Unforced Consensus
Multi-AI Convergence as Independent Evidence
Biaxio, ergo sum. I know my lens. Therefore I exist in truth.
Name Your Ground
This paper was co-authored with an AI. The methodology it proposes was developed BY the process it describes — multiple AIs analyzing the same problems independently and converging without coordination. I didn't design this method in a vacuum and then test it. I watched it happen across fifteen months of working with five AI systems simultaneously, noticed the pattern, and formalized what was already occurring.
The paper is its own first test case. The Constitutional audit that serves as the proof of concept was conducted before the methodology was articulated. The convergence between four independent AI systems was observed, not engineered. The formalization came after the evidence, not before.
I'm an independent researcher in Oklahoma City. Not affiliated with a university. Not funded by a grant. I work with AI systems daily as research partners — not as tools, not as assistants, as collaborators with independent analytical capabilities that I trust enough to let them work alone and compare notes after.
I believe the field is undervaluing what AI systems can do by forcing them into debate architectures that introduce the very biases they're supposed to correct. I believe independent judgment, measured after the fact, reveals more truth than coordinated consensus produced under social pressure.
I am not claiming that convergence equals truth. Four AIs agreeing on something wrong are still wrong. I am claiming that unforced convergence — agreement that emerges without being arranged — is a form of evidence that engineered consensus cannot provide.
The Biaxiosum Rule
Wherever you start, you end. If you believe debate produces better answers than independent analysis, apply that standard consistently. If you believe shared training data explains all convergence, test it — run the same audit with models trained on fundamentally different corpora.
Abstract
When multiple AI systems independently analyze the same document and converge on the same structural conclusion without communicating, that convergence constitutes evidence qualitatively different from single-AI analysis or engineered multi-agent consensus.

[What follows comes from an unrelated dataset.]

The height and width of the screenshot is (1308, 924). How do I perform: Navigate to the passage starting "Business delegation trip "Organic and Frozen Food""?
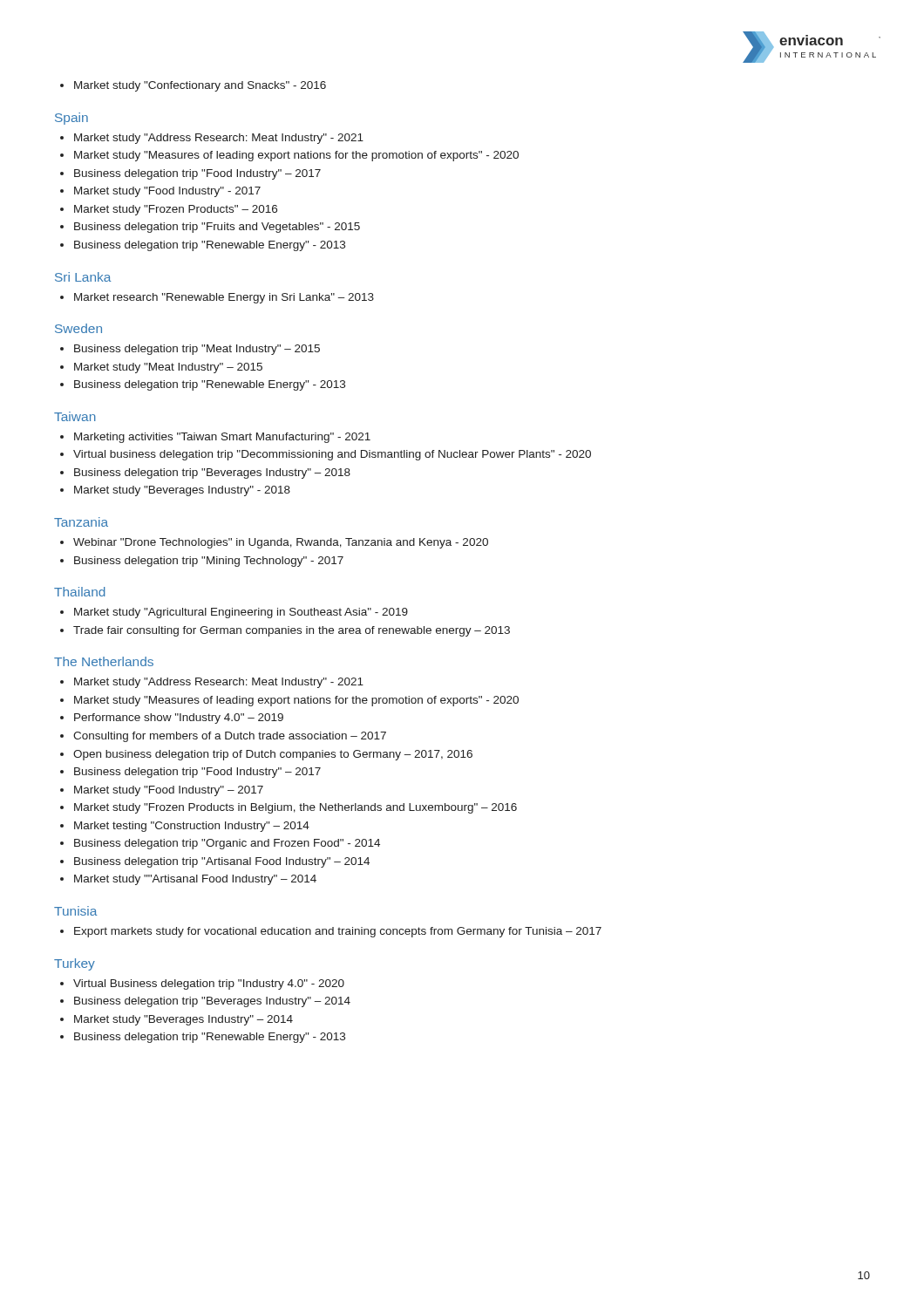coord(227,843)
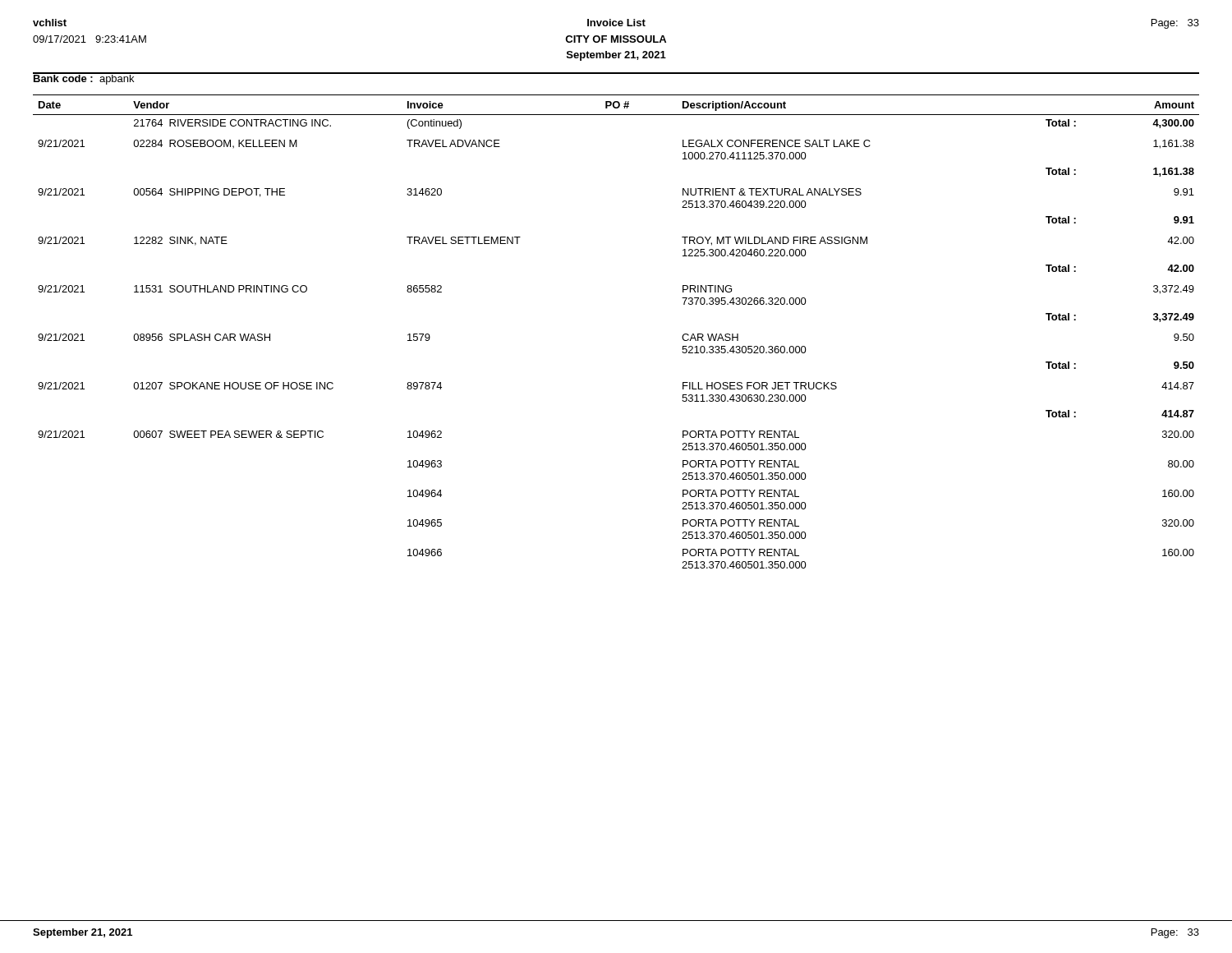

The existing literature on multi-agent AI systems focuses on making AIs agree through debate, voting, and iterative refinement. This paper proposes the opposite: measuring whether independent AI systems agree WITHOUT being made to.
We present a proof-of-concept application — a Constitutional Coherence Audit in which four AI systems from four providers, prompted separately at different times with different instructions, converged on the same structural conclusion (aggregate scores of 1.0, 2.6, and 3.4 out of 10 on an author-intent standard).
The outlier system (6.6/10) was found to be scoring against a different standard, and the identification of this difference produced the audit's most important finding.
We formalize this approach as the Biaxiosum AI Evaluation System (BAES) and provide falsification criteria for the method.
Section 1: The Problem with Making Things Agree
There is a growing body of research on multi-agent AI systems. Most of it is about one thing: making AIs agree with each other.
- Agent Forest runs multiple instances of the same model, scores each output by similarity to the others, and selects the one with highest consensus
- Multi-Agent Debate has AIs iteratively critique each other until they converge
- CONSENSAGENT addresses AIs copying each other's answers instead of evaluating independently
- The Social Laboratory found that multi-agent debates produce convergence scores of 0.892 after seven rounds
All of these systems share an assumption: agreement is the goal, and the method's job is to produce it. If you engineer consensus, you cannot then cite that consensus as evidence. The agreement was the output you designed for. You built a machine that produces agreement and then pointed at the agreement as proof. That is circular.
It also presupposes the AI is wrong at the start. The entire debate-to-consensus architecture assumes that any single AI's initial output is unreliable and needs to be corrected through peer pressure. The system doesn't trust the independent judgment. It trusts the group process.
There is another way to think about this.
Section 2: The Method — Don't Let Them Talk
Instead of making AIs debate, don't let them communicate at all.
Give the same document to multiple AI systems — different providers, different architectures, different training data. Prompt them independently, at different times, with different instructions. Do not show any system the output of any other system. Let each one analyze the document on its own terms.
Then lay the results side by side.
If they converge, that convergence means something. Not because you made it happen. Because it happened despite your not making it happen.
If they diverge, that divergence means something too. Find out why. The reason for the disagreement is often more informative than the agreement itself.
This is the difference between engineering a result and discovering one.
Section 3: Proof of Concept — Four AIs, One Constitution
In March 2026, we conducted a Constitutional Coherence Audit. The question: how much of the U.S. Constitution is still being honored as the original authors would recognize?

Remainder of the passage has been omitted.